Google has announced a big update to Android's 'Find My Device' feature, which will soon help you track valuables using third-party Bluetooth trackers – and also warn you about unwanted nearby Apple AirTags.
Like Apple's 'Find My' network, Google's "major update" to its existing Find My Device feature will anonymously use billions of Android devices around the world to help you track down lost or stolen items, even when they're offline.
Google used the example of accidentally leaving your headphones at the gym – when the 'Find My Device' update rolls out "later this summer", you'll theoretically be able to use other nearby Android devices to find them.
Because Find My Device will soon work with third-party Bluetooth trackers from the likes of Tile and Chipolo, you'll also be able to use those to keep track of other valuables like your bicycle or suitcase.
Naturally, a tracking network built on billions of Android devices raises some privacy concerns. Google was keen to stress that it's "taken some time to get this right," which is something of an understatement – Google's current 'Find My Device' app arrived six years ago at Google I/O 2017 and we've heard rumors of a big update for the last two years.
Like Apple's Find My network, Google says location information is encrypted on the new Find My Device network, which means no one (including Google) can tell where your devices are located. But the bigger headline, which Google teased by announcing its partnership with Apple earlier this month, is the introduction of 'Unknown tracker alerts' on Android.
This means your Android phone will tell you if an unrecognized tracking tag is moving with you, and will also help you find it. Thanks to that new standard that Google agreed with Apple, these alerts will work across all phones – including iPhones.
Google says that this new Find My Device experience and 'Unknown tracker alerts' will be launching "later this summer".

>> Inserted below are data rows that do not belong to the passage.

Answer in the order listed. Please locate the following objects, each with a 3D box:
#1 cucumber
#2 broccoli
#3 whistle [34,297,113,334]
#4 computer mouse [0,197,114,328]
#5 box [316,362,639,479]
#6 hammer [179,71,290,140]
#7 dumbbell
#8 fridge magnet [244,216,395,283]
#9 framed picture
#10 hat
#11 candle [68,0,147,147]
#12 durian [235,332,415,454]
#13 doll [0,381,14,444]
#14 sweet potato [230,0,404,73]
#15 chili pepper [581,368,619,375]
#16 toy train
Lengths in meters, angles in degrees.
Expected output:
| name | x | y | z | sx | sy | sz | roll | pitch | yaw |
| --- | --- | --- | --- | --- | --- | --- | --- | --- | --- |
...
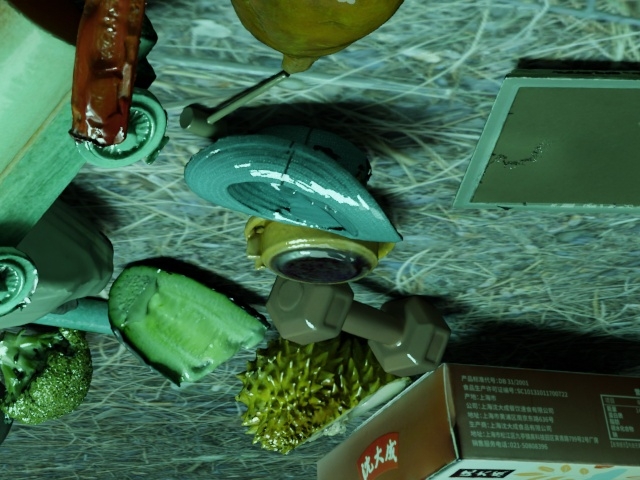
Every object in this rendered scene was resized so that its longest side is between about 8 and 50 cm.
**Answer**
| name | x | y | z | sx | sy | sz | roll | pitch | yaw |
| --- | --- | --- | --- | --- | --- | --- | --- | --- | --- |
| cucumber | -0.152 | 0.084 | 1.532 | 0.115 | 0.086 | 0.193 | -49 | 146 | 2 |
| broccoli | -0.321 | 0.148 | 1.650 | 0.120 | 0.130 | 0.131 | 38 | 155 | -17 |
| whistle | -0.237 | 0.086 | 1.593 | 0.186 | 0.039 | 0.039 | 12 | 156 | -28 |
| computer mouse | -0.354 | -0.001 | 1.223 | 0.228 | 0.146 | 0.429 | -19 | 165 | 26 |
| box | 0.241 | 0.278 | 1.771 | 0.385 | 0.122 | 0.344 | 6 | 151 | -25 |
| hammer | -0.062 | -0.108 | 1.111 | 0.035 | 0.019 | 0.110 | 18 | 148 | -40 |
| dumbbell | 0.042 | 0.084 | 1.524 | 0.082 | 0.092 | 0.231 | 19 | 178 | 44 |
| fridge magnet | 0.000 | 0.000 | 1.327 | 0.143 | 0.063 | 0.143 | 3 | 158 | 1 |
| framed picture | 0.232 | -0.078 | 1.187 | 0.216 | 0.016 | 0.273 | 1 | 160 | -4 |
| hat | -0.014 | -0.055 | 1.171 | 0.190 | 0.078 | 0.138 | 14 | 164 | 17 |
| candle | -0.122 | -0.134 | 0.879 | 0.048 | 0.162 | 0.053 | 22 | -156 | 21 |
| durian | 0.001 | 0.164 | 1.676 | 0.183 | 0.138 | 0.249 | -45 | 161 | 11 |
| doll | -0.570 | 0.229 | 1.693 | 0.382 | 0.252 | 0.379 | 5 | 160 | 4 |
| sweet potato | 0.006 | -0.170 | 0.816 | 0.112 | 0.112 | 0.359 | 3 | 162 | -9 |
| chili pepper | 0.347 | 0.203 | 1.871 | 0.204 | 0.073 | 0.072 | -19 | 138 | 39 |
| toy train | -0.234 | -0.061 | 0.972 | 0.285 | 0.116 | 0.177 | -46 | 141 | 19 |
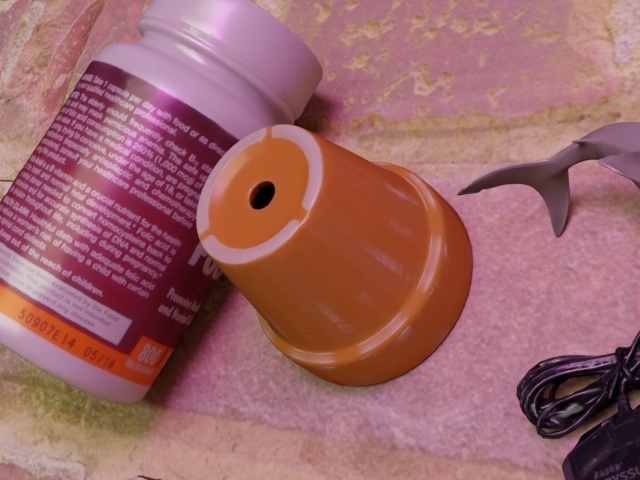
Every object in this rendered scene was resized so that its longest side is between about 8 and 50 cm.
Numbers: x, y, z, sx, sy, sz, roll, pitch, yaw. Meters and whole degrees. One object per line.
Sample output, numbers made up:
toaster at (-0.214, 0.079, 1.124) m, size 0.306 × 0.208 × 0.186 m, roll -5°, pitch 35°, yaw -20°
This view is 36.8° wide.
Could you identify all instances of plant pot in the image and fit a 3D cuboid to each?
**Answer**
plant pot at (0.000, 0.000, 0.836) m, size 0.205 × 0.188 × 0.205 m, roll -18°, pitch 55°, yaw 27°

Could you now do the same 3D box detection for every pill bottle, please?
pill bottle at (-0.176, -0.055, 0.975) m, size 0.224 × 0.224 × 0.392 m, roll 26°, pitch 82°, yaw 43°

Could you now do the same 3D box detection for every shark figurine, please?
shark figurine at (0.219, -0.045, 0.685) m, size 0.278 × 0.116 × 0.166 m, roll 40°, pitch 121°, yaw 53°

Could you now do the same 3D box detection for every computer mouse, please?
computer mouse at (0.242, 0.179, 0.644) m, size 0.188 × 0.072 × 0.272 m, roll -26°, pitch 40°, yaw 25°
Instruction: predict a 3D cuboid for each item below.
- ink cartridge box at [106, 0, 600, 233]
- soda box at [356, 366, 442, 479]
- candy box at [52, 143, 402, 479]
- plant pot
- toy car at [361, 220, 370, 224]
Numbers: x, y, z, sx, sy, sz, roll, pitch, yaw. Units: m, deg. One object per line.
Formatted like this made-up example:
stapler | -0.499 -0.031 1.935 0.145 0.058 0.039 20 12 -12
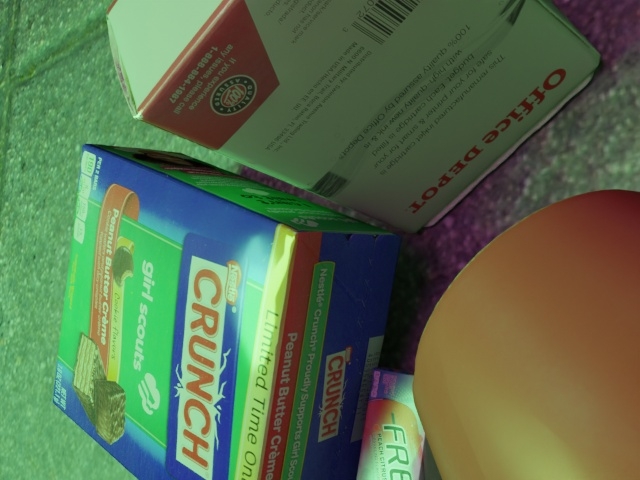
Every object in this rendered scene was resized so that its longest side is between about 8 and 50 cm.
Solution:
ink cartridge box | 0.030 -0.140 0.586 0.207 0.283 0.117 -44 49 25
soda box | 0.065 0.189 0.614 0.058 0.063 0.183 2 80 43
candy box | -0.100 0.078 0.723 0.317 0.122 0.268 21 107 43
plant pot | 0.185 0.115 0.406 0.275 0.274 0.243 -55 38 17
toy car | 0.000 0.000 0.733 0.122 0.060 0.041 2 48 36
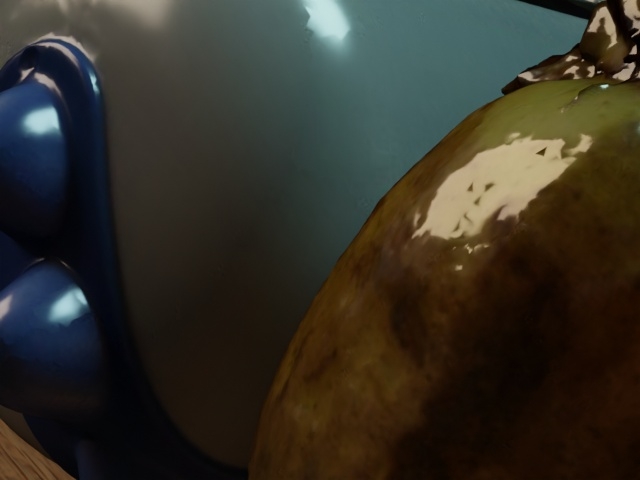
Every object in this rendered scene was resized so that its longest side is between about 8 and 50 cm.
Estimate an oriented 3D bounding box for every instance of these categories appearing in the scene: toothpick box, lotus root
[{"bbox_3d":[0.000,0.000,0.768,0.355,0.263,0.263,9,-45,-48],"label":"toothpick box"},{"bbox_3d":[0.065,0.050,0.577,0.314,0.141,0.169,-56,-14,20],"label":"lotus root"}]
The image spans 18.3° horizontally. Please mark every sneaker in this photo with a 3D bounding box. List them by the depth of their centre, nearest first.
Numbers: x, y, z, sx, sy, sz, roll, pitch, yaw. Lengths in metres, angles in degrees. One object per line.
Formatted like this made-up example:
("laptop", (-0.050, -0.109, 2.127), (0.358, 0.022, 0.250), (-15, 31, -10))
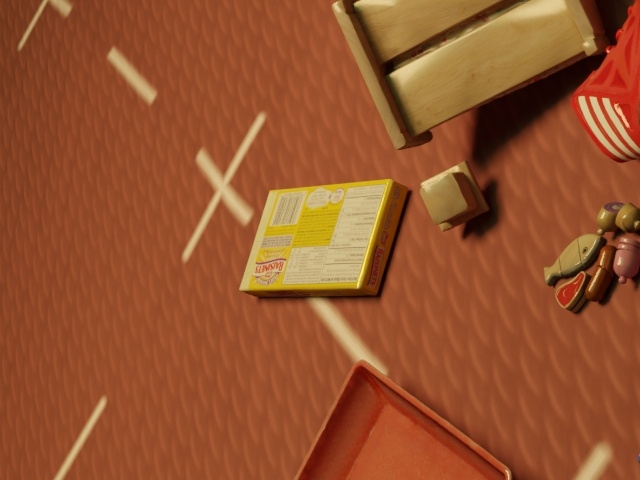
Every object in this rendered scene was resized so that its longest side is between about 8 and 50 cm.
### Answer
("sneaker", (0.242, -0.163, 1.524), (0.128, 0.087, 0.221), (-22, 50, 48))

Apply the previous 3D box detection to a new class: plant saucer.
("plant saucer", (0.044, 0.254, 1.569), (0.259, 0.048, 0.258), (-62, 30, 3))

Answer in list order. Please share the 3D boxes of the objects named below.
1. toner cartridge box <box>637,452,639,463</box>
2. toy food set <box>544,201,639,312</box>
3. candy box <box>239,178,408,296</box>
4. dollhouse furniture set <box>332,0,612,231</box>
("toner cartridge box", (0.350, 0.095, 1.182), (0.348, 0.075, 0.165), (8, 77, 59))
("toy food set", (0.213, 0.011, 1.507), (0.122, 0.019, 0.078), (-45, 36, 31))
("candy box", (0.000, 0.000, 1.837), (0.206, 0.027, 0.105), (-2, 69, 57))
("dollhouse furniture set", (0.182, -0.233, 1.675), (0.303, 0.174, 0.355), (-25, 86, 26))
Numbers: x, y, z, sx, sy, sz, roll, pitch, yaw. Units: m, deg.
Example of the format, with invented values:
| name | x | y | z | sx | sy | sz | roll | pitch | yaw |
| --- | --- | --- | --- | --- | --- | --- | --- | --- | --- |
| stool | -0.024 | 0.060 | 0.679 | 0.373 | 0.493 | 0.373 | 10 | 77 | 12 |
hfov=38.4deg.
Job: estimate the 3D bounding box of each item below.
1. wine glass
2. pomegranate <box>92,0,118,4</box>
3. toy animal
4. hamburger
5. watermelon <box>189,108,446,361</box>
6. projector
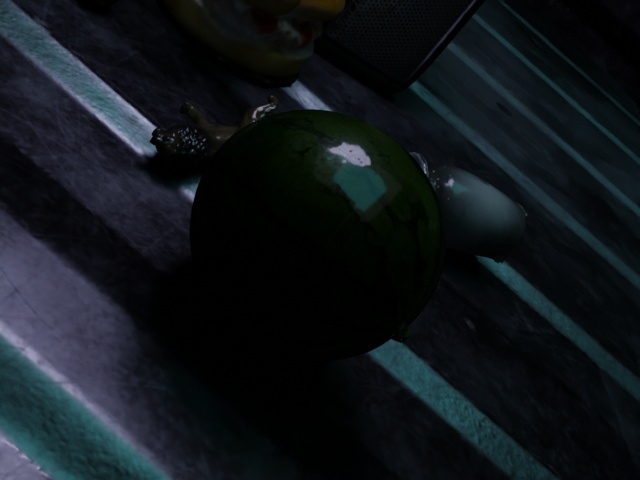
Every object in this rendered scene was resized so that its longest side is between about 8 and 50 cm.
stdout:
| name | x | y | z | sx | sy | sz | roll | pitch | yaw |
| --- | --- | --- | --- | --- | --- | --- | --- | --- | --- |
| wine glass | 0.187 | -0.044 | 1.284 | 0.204 | 0.111 | 0.111 | 23 | 33 | -28 |
| pomegranate | -0.280 | -0.327 | 1.156 | 0.073 | 0.073 | 0.084 | 41 | 66 | -1 |
| toy animal | -0.107 | -0.125 | 1.058 | 0.220 | 0.069 | 0.086 | -24 | 38 | -36 |
| hamburger | -0.094 | -0.370 | 1.314 | 0.261 | 0.186 | 0.302 | 39 | 31 | -3 |
| watermelon | -0.003 | -0.003 | 0.863 | 0.242 | 0.242 | 0.242 | 30 | 30 | -20 |
| projector | 0.152 | -0.527 | 1.599 | 0.242 | 0.405 | 0.395 | 27 | 32 | -23 |
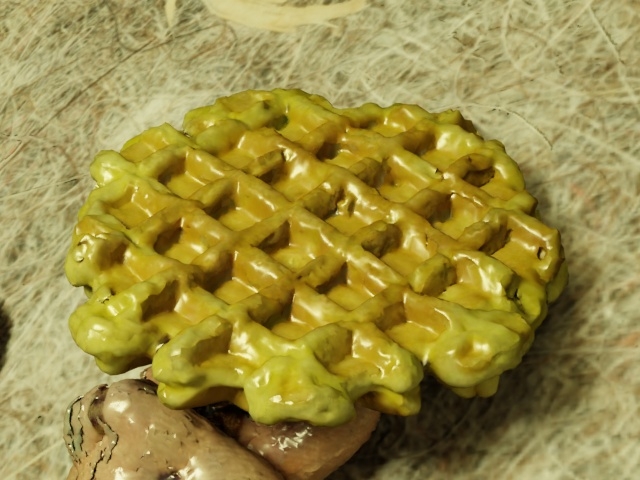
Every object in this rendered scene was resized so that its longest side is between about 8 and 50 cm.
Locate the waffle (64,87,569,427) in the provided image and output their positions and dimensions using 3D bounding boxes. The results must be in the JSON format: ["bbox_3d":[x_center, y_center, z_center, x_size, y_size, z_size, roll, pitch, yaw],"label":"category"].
[{"bbox_3d":[0.000,0.000,0.763,0.302,0.068,0.325,2,39,-5],"label":"waffle"}]

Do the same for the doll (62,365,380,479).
[{"bbox_3d":[-0.070,0.098,0.765,0.201,0.156,0.303,-10,46,35],"label":"doll"}]
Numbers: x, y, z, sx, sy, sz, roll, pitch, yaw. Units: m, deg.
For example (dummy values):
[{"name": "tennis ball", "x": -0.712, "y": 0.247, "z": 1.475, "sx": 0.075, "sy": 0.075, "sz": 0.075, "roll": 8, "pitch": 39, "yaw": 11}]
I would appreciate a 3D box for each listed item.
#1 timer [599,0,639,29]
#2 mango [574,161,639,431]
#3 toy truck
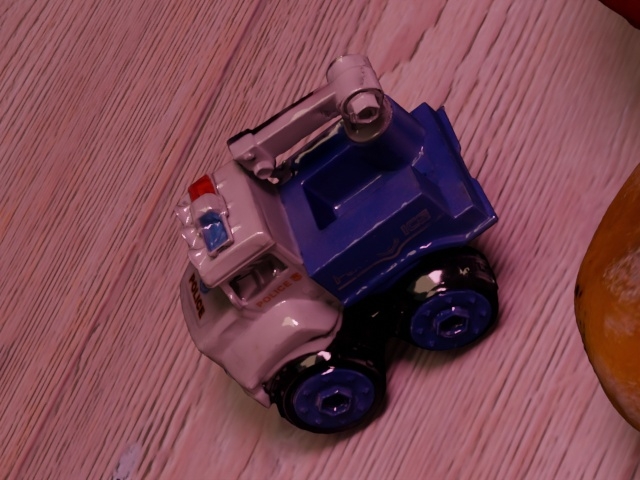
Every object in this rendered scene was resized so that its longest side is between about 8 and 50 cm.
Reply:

Analysis: Android becomes the world's biggest tracking network
Android has long had a very limited 'Find My Device' feature that's been based on your device's most recent known location.
But this update takes it to a whole new level, effectively turning over three billion Android devices into the world's biggest object-tracking network – and for all the benefits, the feature will likely prove controversial when it fully launches later this year.
Google was keen to stress two features that should help calm fears that this kind of tracking could be exploited by bad actors – the full encryption of location information, and those 'Unknown tracker alerts' that are based on the new standard it's created with Apple.
But despite Apple's attempts to reduce the growing number of headlines about AirTag stalking, it hasn't managed to fully convince everyone that Bluetooth trackers aren't open to misuse. And these controversies could be taken to the next level when the upgraded 'Find My Device' feature rolls out.
While the belated creation of a cross-platform standard for 'Unknown tracker alerts' is a good move, we'll have to see how well it works in practice before filling our lives with Bluetooth trackers.